As 22-year-old Dutee Chand clinched a silver in the 100 metre dash event at the 18th Asian Games on Sunday, social media was flush with pride, with Twitter and Facebook users commenting on how the track athlete has made India proud. While celebrating Chand's victory, it is also important to remember how the sports authorities in India subjected her to the humiliation of undergoing a gender test, following which she had to file a legal battle to reclaim her right to pursue athletics.
In 2014, soon after a successful run at the Asia Junior Athletics Championship at Taipei, the International Association of Athletics Federations (IAAF) asked the Athletics Federation of India to test her testosterone levels. According to a report on Vice, 'rumours' about her 'masculine' physique had started doing the rounds of the athletics community.
A New York Times report on her ordeal pointed out how the AFI doctor in Delhi, instead of conducting the routine blood and urine tests, performed an ultrasound on her. Later, they sent a letter to the government's sports authority saying the following: "It has been brought to the notice of the undersigned that there are definite doubts regarding the gender of an Athlete Ms. Dutee Chand." It also pointed out that cases like hers "have brought embarrassment to the fair name of sports in India." It directed the authorities to perform a second 'gender verification test'.

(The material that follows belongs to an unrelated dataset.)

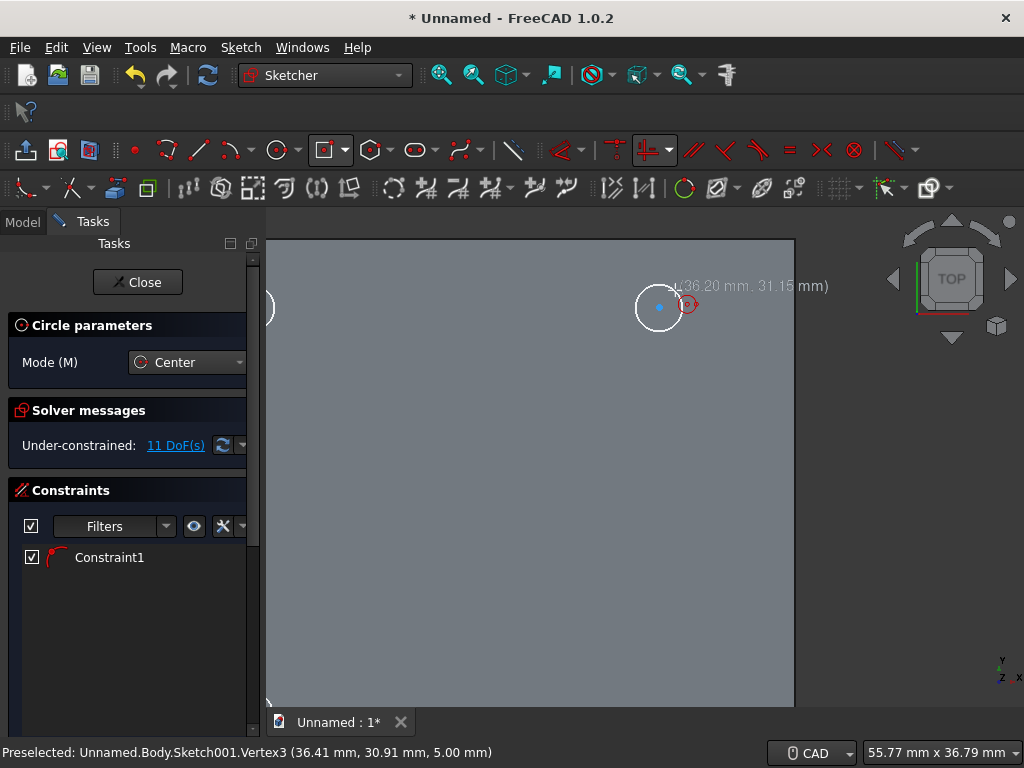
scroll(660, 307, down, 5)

After the test, Chand was diagnosed with 'hyperandrogenism' and the results stated, "her body produced natural levels of testosterone above International Association of Athletics Federations guidelines". Chand was immediately banned from participating in all track events.
The tests left Chand confused and ashamed. She told Hindustan Times, "I was not told by anyone, not even the doctor from SAI who conducted several tests on me, what they were for. I was confused. The papers were calling me a man. How does one turn into a man overnight?"
The IAAF's policy on hyperandrogenism has been widely critiqued and Chand challenged the decision in 2014 at the Court of Arbitration for Sports (CAS). The court ruled in her favour and lifted the ban a year later, but in the meanwhile, Chand had to face discrimination, humiliation and a severe financial crunch.
A report on Mint states that Chand has six siblings and her father is a poor weaver in Odisha's Chaka Gopalpur village. Like several other athletes in the country, Chand took to athletics because of her passion for it and the fact that it would help the family battle the dire financial condition they were in.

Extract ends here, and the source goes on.